▶ [Problem statement] After locating the line with "6) car at [533, 266, 568, 291]" in the data that follows, return it and every later line exactly, up to and including the line with "10) car at [525, 263, 527, 268]".

▶ [Data extracts]
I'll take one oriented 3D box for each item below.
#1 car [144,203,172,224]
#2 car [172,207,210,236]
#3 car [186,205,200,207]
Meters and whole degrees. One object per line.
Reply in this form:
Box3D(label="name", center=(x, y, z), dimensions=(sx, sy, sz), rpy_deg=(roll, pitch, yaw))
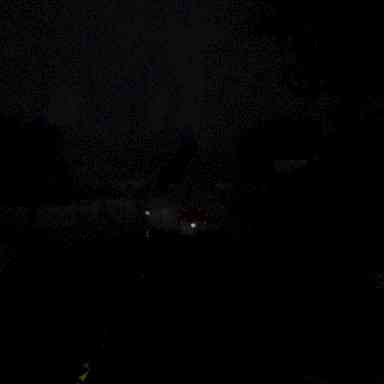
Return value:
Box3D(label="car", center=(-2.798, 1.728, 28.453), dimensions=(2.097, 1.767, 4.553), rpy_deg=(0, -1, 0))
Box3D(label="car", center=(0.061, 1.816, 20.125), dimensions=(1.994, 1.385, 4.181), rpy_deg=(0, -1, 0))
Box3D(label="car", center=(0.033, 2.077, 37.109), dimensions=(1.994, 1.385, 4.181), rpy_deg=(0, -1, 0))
---
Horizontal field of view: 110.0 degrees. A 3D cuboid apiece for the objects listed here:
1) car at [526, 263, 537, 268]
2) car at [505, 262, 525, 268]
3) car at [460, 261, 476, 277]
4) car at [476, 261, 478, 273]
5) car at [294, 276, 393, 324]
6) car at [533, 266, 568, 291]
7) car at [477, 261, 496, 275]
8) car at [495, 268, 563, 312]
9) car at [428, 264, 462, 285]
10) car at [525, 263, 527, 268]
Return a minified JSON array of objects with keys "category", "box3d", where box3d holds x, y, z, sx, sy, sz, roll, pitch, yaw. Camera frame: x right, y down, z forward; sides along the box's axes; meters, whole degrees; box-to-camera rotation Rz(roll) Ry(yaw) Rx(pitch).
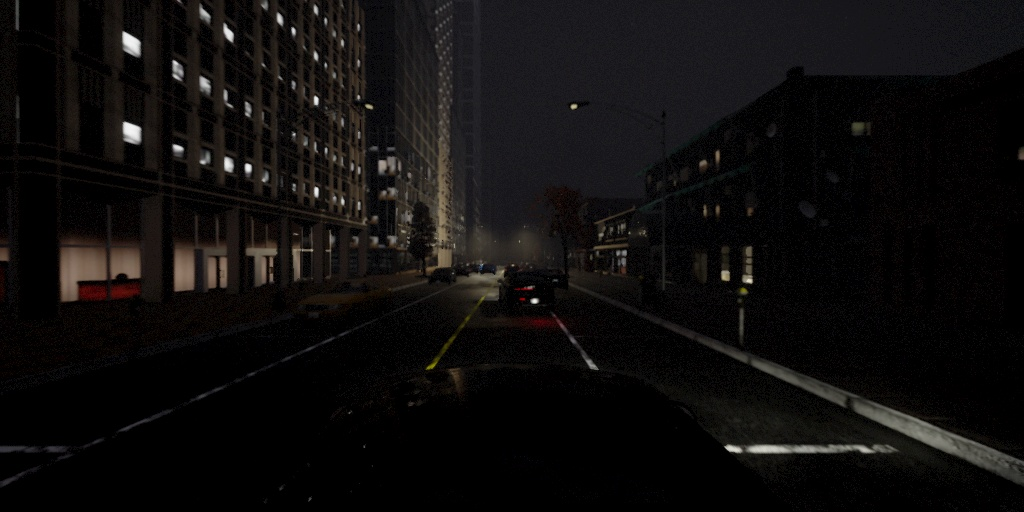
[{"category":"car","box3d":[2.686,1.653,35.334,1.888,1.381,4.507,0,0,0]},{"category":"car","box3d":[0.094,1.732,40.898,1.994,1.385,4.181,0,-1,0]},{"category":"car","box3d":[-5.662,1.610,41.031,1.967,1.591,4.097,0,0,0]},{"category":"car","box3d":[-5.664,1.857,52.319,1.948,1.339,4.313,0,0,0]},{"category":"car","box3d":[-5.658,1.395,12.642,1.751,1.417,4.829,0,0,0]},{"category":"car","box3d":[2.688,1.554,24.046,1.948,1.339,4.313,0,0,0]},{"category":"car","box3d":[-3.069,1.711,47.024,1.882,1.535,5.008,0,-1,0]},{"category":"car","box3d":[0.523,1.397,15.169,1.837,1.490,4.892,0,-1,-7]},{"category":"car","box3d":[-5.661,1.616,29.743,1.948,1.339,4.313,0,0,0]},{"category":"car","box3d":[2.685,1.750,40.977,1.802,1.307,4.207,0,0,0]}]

▶ [Result of the task]
6) car at [533, 266, 568, 291]
7) car at [477, 261, 496, 275]
8) car at [495, 268, 563, 312]
9) car at [428, 264, 462, 285]
10) car at [525, 263, 527, 268]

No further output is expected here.